22 de mar. de 2009

Do futuro...

Ela tinha 6 anos e estava sentada nos degraus da varanda de uma casa verde quando constatou que podia ler através das estrelas o futuro que não existia. Durante muitas noites, inclinava seu pescoço curto, gordinho e branco para se entregar ao dom, que perdeu quando adulta, de apenas apreciar. Inclinava de tal forma, que sem perceber se deitava no piso vermelho fosco gelado. Foi ali que se tornou sentimental. Sua mãe certamente não devia imaginar as consequências, se não a teria impedido. Numa dessas sessões noturnas de contemplação do céu com seus enfeites de lua e estrelas - fascínio este, que carregou até os últimos dias de sua velhice, quando os contemplou pela última vez dos degraus imaginários de sua janela aos 90 anos - a menina, olhou para os seus pezinhos, examinou primeiro um, depois o outro. Contou os dedinhos com as unhas pintadas de vermelho do pé direito, depois contou os dedinhos com as unhas pintadas de vermelho do pé esquerdo, e viu, de um jeito simples, objetivo e indolor, como só as crianças vêem, que tudo nela era repetição. Os pés tinham os mesmo números de dedos que os pés da mãe e do pai e da tia e da avó e do irmão. Mas eram diferentes dos do cachorro. A menina não entendeu o porquê, afinal o cachorro era tão recheado de humanidade pra ela quanto os outros que moravam na casa. Algumas noites depois choveu. Ela não pode sentar nos degraus porquê não haviam nem lua e nem estrelas. E estava molhado. E não podia.

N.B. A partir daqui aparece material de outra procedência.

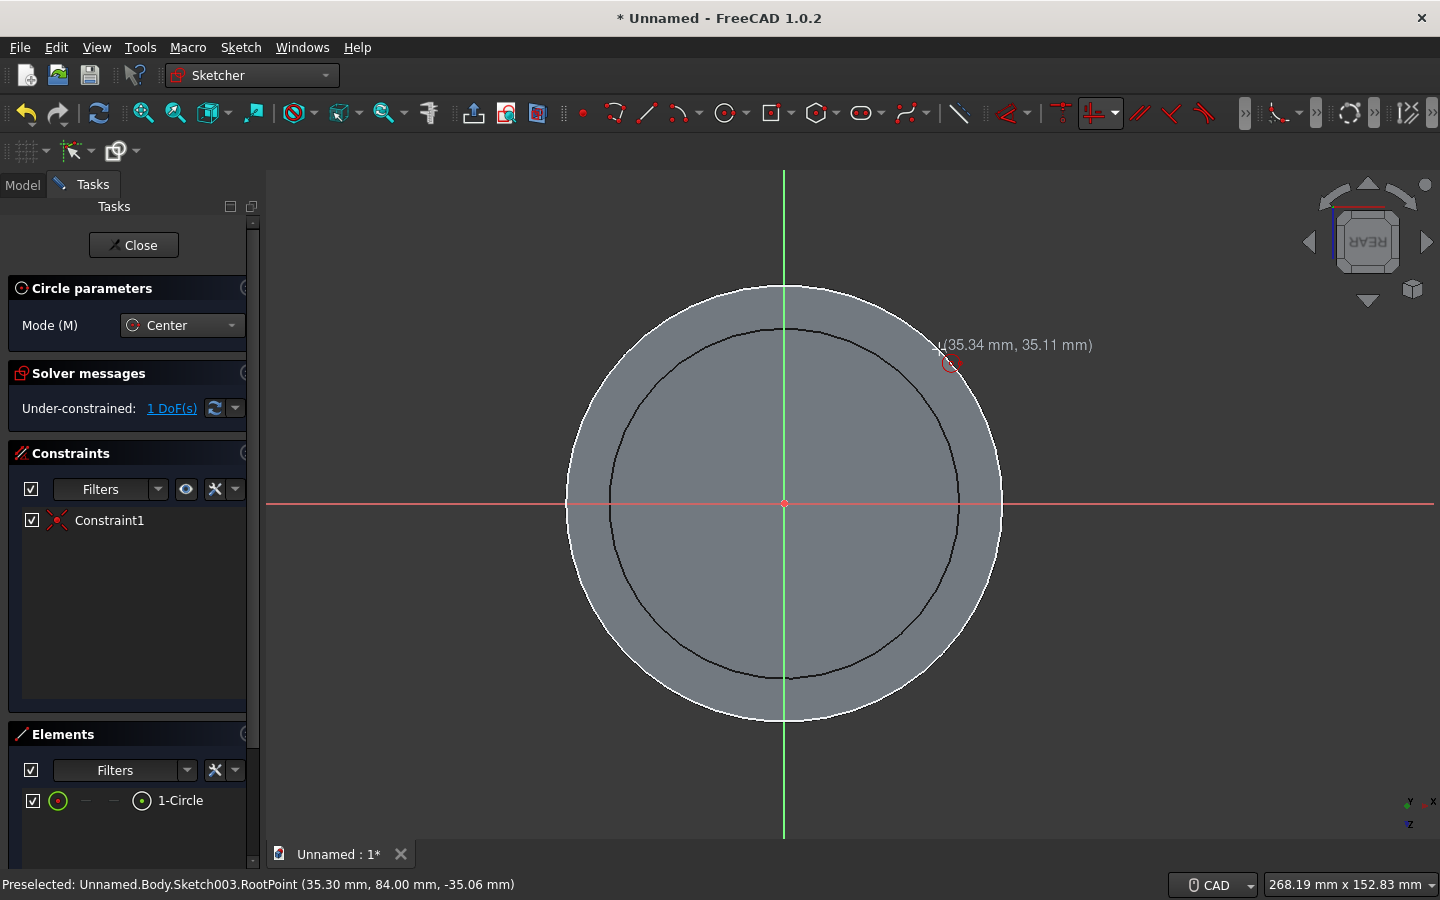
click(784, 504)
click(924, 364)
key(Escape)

No dia seguinte, a chuva tinha ido passear com sua prima trovoada talvez nos Estados Unidos. Ela sentou, dessa vez no degrau mais embaixo, porque dava pra ver melhor. Inclinou o pescocinho, reparou que algumas estrelas mudaram de lugar. Até hoje lembro bem do espanto dela, quando aos 17 descobriu que o brilho de uma estrela demora até 8 anos para chegar na Terra, e que muitas estrelas que vemos podem nem existir mais. Reparou que algumas estrelas haviam mudado de lugar. E diferentemente de um pensamento de criança, que talvez imaginaria que elas estariam de mudança ou brincando de pique-pega, a menina na sua infinita e sentimental infância, entendeu que, apenas com uma ou outra mudança, todas as noites eram feitas pelo mesmo céu que estava lá, as mesmas estrelas, quase a mesma cor, e a mesma menina, com os mesmo dedos dos pés, e o mesmo assoalho, e os mesmo degraus, e era sempre o mesmo... toda ela repetição... o mesmo céu... que sempre estava lá... e sempre esteve, e sempre estará... e a mesma menina... o mesmo pescoço... com os mesmos olhos e dedos... e sempre o que era... sempre o mesmo que será... e as mesmas estrelas... que sempre estiveram... e sempre estarão. Mudem os olhos da menina, ou a cor dos degraus, o mesmo céu. O mesmo céu. O mesmo céu. Mesmo quando ela virar estrela. O mesmo céu. E o cachoro morrer. O mesmo céu. E o degrau rachar. O mesmo céu. E a vida correr. O mesmo céu. Quando o futuro chegar. O mesmo céu.